Points essentiels à retenir
- Le choix entre SA et Sàrl dépend du capital et du nombre d’associés. La Sàrl est recommandée pour les PME, la SA pour les projets avec investisseurs.
- Depuis 2025, la déclaration des ayants droit économiques est obligatoire sous peine de sanctions pénales.
- La fiscalité cantonale varie fortement : privilégiez les cantons à taux réduit (Zoug, Lucerne) pour les holdings.
- Un avocat suisse création entreprise est indispensable pour rédiger les statuts et le pacte d’actionnaires conformes à la réforme.
- Pour les indépendants, la Sàrl allégée (CHF 10 000 de capital) est une alternative intéressante depuis 2025.
- Les entrepreneurs français doivent anticiper la convention fiscale et les permis de travail.
Glossaire juridique
- Ayant droit économique (art. 931a CO)
- Personne physique qui détient directement ou indirectement plus de 25% du capital ou des droits de vote d’une société. Depuis 2025, doit être déclaré au Registre du commerce.
- Code des obligations (CO)
- Loi fédérale suisse régissant le droit des contrats, des sociétés et des titres. Les art. 552-926 CO concernent les sociétés.
- Impôt anticipé (art. 1-12 LIA)
- Retenue à la source de 35% sur les dividendes, intérêts et redevances versés à des non-résidents. Peut être réduit par convention fiscale.
- Ruling fiscal
- Accord écrit entre une entreprise et l’administration fiscale cantonale sur le traitement fiscal futur. Valable 5 ans.
- ZEFIX
- Portail en ligne du Registre du commerce suisse pour les inscriptions et consultations. Accessible à www.zefix.ch.

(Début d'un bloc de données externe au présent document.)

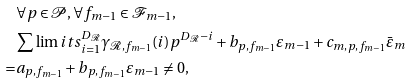Convert formula to latex. <formula><loc_0><loc_0><loc_500><loc_500>& \forall p \in \mathcal { P } , \forall f _ { m - 1 } \in \mathcal { F } _ { m - 1 } , \\ & \sum \lim i t s _ { i = 1 } ^ { D _ { \mathcal { R } } } \gamma _ { \mathcal { R } , f _ { m - 1 } } ( i ) p ^ { D _ { \mathcal { R } } - i } + b _ { p , f _ { m - 1 } } \varepsilon _ { m - 1 } + c _ { m , p , f _ { m - 1 } } \bar { \varepsilon } _ { m } \\ = & a _ { p , f _ { m - 1 } } + b _ { p , f _ { m - 1 } } \varepsilon _ { m - 1 } \neq 0 ,</formula>

- Loi fédérale sur la transparence des entreprises (LTE)
- Loi entrée en vigueur le 1er janvier 2025 imposant la déclaration des ayants droit économiques pour toutes les sociétés suisses.
Questions fréquentes (FAQ)
1. Quel est le coût total de création d’une Sàrl en Suisse en 2026 ?
Le coût total varie entre CHF 3 000 et 8 000, incluant les frais de notaire (CHF 1 500-3 000), l’inscription au Registre du commerce (CHF 600-1 500), les honoraires d’avocat (CHF 1 500-3 000), et l’ouverture du compte bancaire (CHF 200-500). Le capital social de CHF 20 000 doit être libéré sur un compte bloqué.
2. Puis-je créer une entreprise en Suisse sans y résider ?
Oui, il est possible de créer une société en Suisse en étant non-résident. Vous devez désigner un représentant autorisé domicilié en Suisse (art. 718a CO). Un avocat suisse peut agir comme mandataire. Cependant, pour obtenir un permis de travail, vous devrez justifier d’une activité effective en Suisse.
3. Quels sont les avantages fiscaux d’une société suisse pour un entrepreneur français ?
Les avantages incluent un taux d’imposition sur le bénéfice réduit (11-14% selon le canton), une TVA à 8.1% (inférieure à la France à 20%), et l’absence d’impôt sur la fortune pour les sociétés. De plus, la convention franco-suisse permet d’éviter la double imposition.